■ **Listed records**
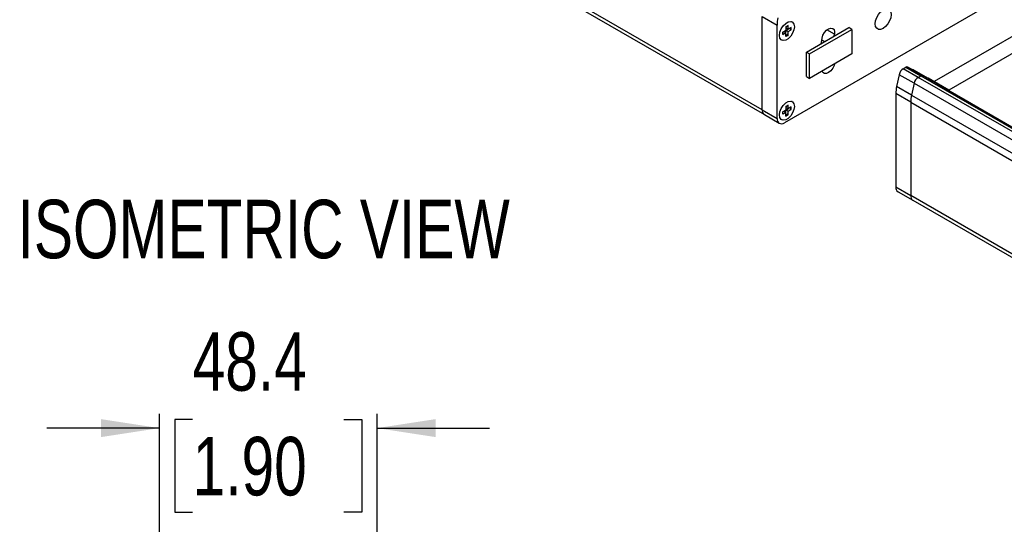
# Model space of a CAD drawing. Header units: millimetres. Extents: x 0 to 1118, y 0 to 864.
# Tile 15 of 22: x 744 to 962, y 378 to 490. Entities that reach past the tile are written whole.
import ezdxf

# ---------------------------------------------------------------- set-up
doc = ezdxf.new("R2010")
doc.units = ezdxf.units.MM
doc.layers.add('DIMENSIONS', color=140, linetype='Continuous', lineweight=25)
doc.layers.add('TEXT', color=140, linetype='Continuous', lineweight=25)
doc.styles.add('SLDTEXTSTYLE0', font='TXT', dxfattribs={"width": 0.75})
doc.dimstyles.new('SLDDIMSTYLE0', dxfattribs={"dimtxt": 13, "dimasz": 13, "dimexe": 0, "dimexo": 0.0625, "dimgap": 3.25, "dimtad": 0, "dimtih": 1, "dimtoh": 1, "dimdec": 1, "dimrnd": 1e-09, "dimzin": 12, "dimdsep": 46, "dimtxsty": 'SLDTEXTSTYLE0', "dimsah": 1, "dimcen": 0.09, "dimadec": 0, "dimazin": 3, "dimtfac": 1, "dimtdec": 1, "dimtmove": 0, "dimatfit": 0, "dimfxl": 0, "dimfrac": 2, "dimtolj": 1, "dimtzin": 12, "dimarcsym": 0})

# ---------------------------------------------------------------- blocks, each defined once
blk = doc.blocks.new('_D_12')
at = {"layer": 'DIMENSIONS'}
for p, q in [((774.59, 356.76), (774.59, 402.17)), ((781.96, 400.91), (778, 400.91)), ((778, 400.91), (778, 380.27)), ((815.58, 400.91), (819.55, 400.91)), ((819.55, 400.91), (819.55, 380.27)), ((822.96, 342.12), (822.96, 402.17)), ((774.59, 398.99), (749.59, 398.99)), ((822.96, 398.99), (847.96, 398.99)), ((778, 380.27), (781.96, 380.27)), ((819.55, 380.27), (815.58, 380.27))]:
    blk.add_line(p, q, dxfattribs=at)
for points in [[(774.59, 398.99), (761.59, 400.99), (761.59, 396.99)], [(822.96, 398.99), (835.96, 396.99), (835.96, 400.99)]]:
    blk.add_solid(points, dxfattribs=at)
at = {"layer": 'DIMENSIONS', "char_height": 13, "attachment_point": 1, "style": 'SLDTEXTSTYLE0'}
for s, insert in [('48.4', (781.96, 420.3)), ('1.90', (781.96, 397.03))]:
    blk.add_mtext(s, dxfattribs=dict(at, insert=insert))

msp = doc.modelspace()

# ---------------------------------------------------------------- linework, layer by layer
for p, q in [((908.52904, 469.74381), (743.53745, 564.99142)), ((744.0208, 563.92312), (909.01238, 468.67551)), ((981.63718, 496.16736), (946.71334, 476.00626)), ((959.67643, 493.55541), (913.47878, 466.88607)), ((984.93701, 494.26241), (950.01263, 474.101)), ((908.52904, 490.48365), (911.82887, 488.5787)), ((908.52904, 469.74381), (908.52904, 490.48365)), ((911.82887, 467.83886), (911.82887, 488.5787)), ((914.26864, 488.47657), (913.79724, 488.20443)), ((913.79724, 488.20443), (913.79724, 487.38789)), ((914.26864, 487.66003), (913.79724, 487.93216)), ((914.26864, 487.66003), (914.26864, 488.47657)), ((914.97575, 488.06823), (914.26864, 487.66003)), ((914.97575, 487.52387), (914.97575, 488.06823)), ((915.19951, 489.27256), (915.11676, 489.32033)), ((918.35031, 482.58118), (927.7784, 488.0239)), ((928.4855, 487.61569), (927.7784, 488.0239)), ((912.38302, 486.2993), (912.30027, 486.34707)), ((913.79724, 487.38789), (913.09013, 486.97969)), ((913.09013, 486.97969), (913.09013, 486.43533)), ((913.79724, 486.84353), (913.09013, 486.43533)), ((913.11555, 486.99427), (913.32583, 487.11567)), ((913.79724, 486.84353), (913.32583, 487.11567)), ((913.79724, 487.3878), (914.37667, 487.7223)), ((913.79724, 486.84353), (913.79724, 487.3878)), ((913.79724, 487.3878), (914.26864, 487.11567)), ((913.79724, 486.02699), (913.79724, 486.84353)), ((913.95019, 486.3197), (913.79724, 486.24745)), ((914.26864, 486.29913), (913.79724, 486.02699)), ((914.18589, 486.49433), (913.95019, 486.3197)), ((914.18589, 486.3469), (914.26864, 486.29913)), ((914.26864, 487.11567), (914.97575, 487.52387)), ((914.26864, 486.29913), (914.26864, 487.11567)), ((914.97575, 487.52387), (914.893, 487.57164)), ((919.05741, 482.17297), (928.4855, 487.61569)), ((924.60502, 486.52964), (922.9087, 487.50891)), ((924.54165, 486.15536), (924.60502, 486.52964)), ((928.4855, 487.61569), (928.4855, 482.17209)), ((912.78362, 485.27877), (912.86637, 485.231)), ((922.37375, 484.90386), (921.77674, 485.24851)), ((918.35031, 477.13757), (918.35031, 482.58118)), ((918.35031, 482.58118), (919.05741, 482.17297)), ((919.05741, 476.72937), (919.05741, 482.17297)), ((928.4855, 482.17209), (919.05741, 476.72937)), ((939.88149, 478.86682), (940.46669, 479.20465)), ((940.46669, 479.20465), (943.76652, 477.2997)), ((944.18316, 477.34096), (940.88332, 479.24591)), ((918.35031, 477.13757), (919.05741, 476.72937)), ((938.97496, 477.55387), (938.4089, 474.93926)), ((942.27479, 475.64891), (938.97496, 477.55387)), ((943.18132, 476.96187), (939.88149, 478.86682)), ((942.13683, 478.64846), (945.43666, 476.74351)), ((943.18132, 476.96187), (943.76652, 477.2997)), ((943.76652, 477.2997), (1052.18956, 414.70841)), ((1052.6062, 414.74967), (944.18316, 477.34096)), ((941.70873, 473.03431), (938.4089, 474.93926)), ((942.27479, 475.64891), (941.70873, 473.03431)), ((942.27479, 475.64891), (1050.69783, 413.05763)), ((1051.60436, 414.37058), (943.18132, 476.96187)), ((950.01263, 474.101), (945.43666, 476.74351)), ((941.52735, 471.43413), (938.22752, 473.33908)), ((938.22752, 473.33908), (938.22752, 452.59924)), ((941.70873, 473.03431), (1050.13177, 410.44302)), ((914.26864, 470.78485), (913.79724, 470.51271)), ((913.79724, 470.51271), (913.79724, 469.69617)), ((914.26864, 469.96831), (914.26864, 470.78485)), ((915.19951, 471.58084), (915.11676, 471.62861)), ((941.52735, 471.43413), (941.52735, 450.69429)), ((941.52735, 471.43413), (1049.95039, 408.84284)), ((908.52904, 469.74381), (911.82887, 467.83886)), ((909.01238, 468.67551), (912.31221, 466.77056)), ((912.30027, 468.65536), (912.38302, 468.60758)), ((913.79724, 469.69617), (913.09013, 469.28797)), ((913.09013, 468.74361), (913.09013, 469.28797)), ((913.79724, 469.15181), (913.09013, 468.74361)), ((913.11555, 469.30255), (913.32583, 469.42395)), ((913.32583, 469.42395), (913.79724, 469.15181)), ((914.26864, 469.96831), (913.79724, 470.24045)), ((913.79724, 469.69608), (914.37667, 470.03058)), ((913.79724, 469.15181), (913.79724, 469.69608)), ((914.26864, 469.42395), (913.79724, 469.69608)), ((913.79724, 468.33527), (913.79724, 469.15181)), ((913.95019, 468.62798), (913.79724, 468.55574)), ((913.79724, 468.33527), (914.26864, 468.60741)), ((914.18589, 468.80261), (913.95019, 468.62798)), ((914.18589, 468.65518), (914.26864, 468.60741)), ((914.97575, 470.37651), (914.26864, 469.96831)), ((914.26864, 469.42395), (914.97575, 469.83215)), ((914.26864, 468.60741), (914.26864, 469.42395)), ((914.97575, 469.83215), (914.893, 469.87992)), ((914.97575, 469.83215), (914.97575, 470.37651)), ((912.78362, 467.58705), (912.86637, 467.53928)), ((938.22752, 452.59924), (941.52735, 450.69429)), ((938.71086, 451.53094), (942.0107, 449.62598)), ((1049.95039, 388.103), (941.52735, 450.69429)), ((942.0107, 449.62598), (1050.43374, 387.0347))]:
    msp.add_line(p, q)
at = {"flags": 128}
for points in [[(935.39909, 487.8419), (934.85282, 487.62645), (934.36003, 487.63192), (933.96894, 487.85776), (933.71785, 488.28187), (933.63133, 488.86274), (933.71785, 489.5435), (933.96894, 490.25752), (934.36003, 490.9349), (934.85282, 491.50934), (935.39909, 491.9246), (935.94536, 492.14005), (936.43816, 492.13458), (936.82925, 491.90874), (937.08034, 491.48463), (937.16686, 490.90376), (937.08034, 490.223), (936.82925, 489.50898), (936.43816, 488.8316), (935.94536, 488.25716), (935.39909, 487.8419)], [(912.38302, 486.2993), (912.48253, 487.00838), (912.76903, 487.74682), (913.20798, 488.42555), (913.74643, 488.9627), (914.31944, 489.29349), (914.8579, 489.37802), (915.29685, 489.2061), (915.58335, 488.79845), (915.68285, 488.20425)], [(915.68285, 488.20425), (915.58335, 487.49518), (915.29685, 486.75674), (914.8579, 486.07801), (914.31944, 485.54086), (913.74643, 485.21007), (913.20798, 485.12554), (912.76903, 485.29746), (912.48253, 485.70511), (912.38302, 486.2993)], [(913.79724, 488.17505), (913.95019, 488.2794), (914.18589, 488.37691)], [(914.78481, 487.95801), (914.79872, 487.78939), (914.76532, 487.49794)], [(921.84908, 485.6734), (922.04099, 486.30626), (922.37595, 486.91443), (922.81357, 487.42455), (923.30106, 487.77509), (923.77963, 487.92378), (924.19154, 487.85267), (924.48712, 487.57035), (924.63072, 487.11087), (924.60502, 486.52964)], [(913.13505, 486.5568), (913.10166, 486.80971), (913.11556, 486.99437)], [(921.66771, 484.49627), (921.69352, 484.69071), (921.84908, 485.6734)], [(924.58012, 479.91756), (924.48712, 479.59746), (924.19154, 478.97386), (923.77963, 478.42717), (923.30106, 478.02332), (922.81357, 477.81102), (922.37595, 477.81587), (922.04099, 478.0373), (921.87397, 478.35533)], [(943.76652, 477.2997), (943.99202, 477.37808), (944.18316, 477.34096)], [(912.38302, 468.60758), (912.48253, 469.31666), (912.76903, 470.0551), (913.20798, 470.73383), (913.74643, 471.27098), (914.31944, 471.60177), (914.8579, 471.6863), (915.29685, 471.51438), (915.58335, 471.10673), (915.68285, 470.51254)], [(915.68285, 470.51254), (915.58335, 469.80346), (915.29685, 469.06502), (914.8579, 468.38629), (914.31944, 467.84914), (913.74643, 467.51835), (913.20798, 467.43382), (912.76903, 467.60574), (912.48253, 468.01339), (912.38302, 468.60758)], [(913.79724, 470.48334), (913.95019, 470.58768), (914.18589, 470.68519)], [(913.13505, 468.86508), (913.10166, 469.11799), (913.11555, 469.30255)], [(914.78481, 470.26629), (914.79872, 470.09768), (914.76532, 469.80622)]]:
    msp.add_lwpolyline(points, dxfattribs=at)
for centre, radius, start, end in [((919.4297, 488.52752), 7.60101, 167.4521721, 179.6142635), ((940.71079, 478.86392), 0.41915, 65.692881, 125.6175775), ((941.01736, 477.11313), 2.08941, 122.9310146, 167.8225723), ((942.00599, 478.39213), 0.28779, 62.9579144, 111.7635365), ((944.01062, 476.95897), 0.41915, 65.692881, 125.6175775), ((945.82835, 473.28791), 7.60101, 167.4521721, 179.6142635), ((944.31719, 475.20817), 2.08941, 122.9310146, 167.8225723), ((945.30582, 476.48718), 0.28779, 62.9579144, 111.7635365), ((949.12819, 471.38295), 7.60101, 167.4521721, 179.6142635), ((909.67237, 469.61761), 1.15028, 173.7011525, 234.9866671), ((912.83471, 467.6757), 1.01899, 170.785963, 309.2032852), ((939.33745, 452.45793), 1.11889, 172.7441704, 235.9436492), ((942.63728, 450.55297), 1.11889, 172.7441704, 235.9436492), ((942.67069, 450.56809), 1.15028, 173.7011525, 234.9866671)]:
    msp.add_arc(centre, radius, start, end)

# ---------------------------------------------------------------- texts
at = {"layer": 'TEXT', "insert": (743.05868, 449.74705), "char_height": 13, "attachment_point": 1, "style": 'SLDTEXTSTYLE0'}
msp.add_mtext('ISOMETRIC VIEW', dxfattribs=at)

# ---------------------------------------------------------------- dimensions: what is measured, and where the dimension line sits
at = {"layer": 'DIMENSIONS'}
dim = msp.add_linear_dim(base=(822.9611, 398.99154), p1=(774.5882, 355.49154), p2=(822.9611, 340.84547), dimstyle='SLDDIMSTYLE0', dxfattribs=at)
dim.commit()
dim.dimension.update_dxf_attribs({"geometry": '_D_12', "text_midpoint": (798.77465, 398.99154), "dimtype": 160})

doc.saveas('drawing.dxf')

■ **Task goal**
From the material above, copy exactly the lines between the line holding "blk.add_mtext(s, dxfattribs=dict(at, insert=insert))" and the line holding "layer by layer", inclusive, and only those.

■ **Response box**
    blk.add_mtext(s, dxfattribs=dict(at, insert=insert))

msp = doc.modelspace()

# ---------------------------------------------------------------- linework, layer by layer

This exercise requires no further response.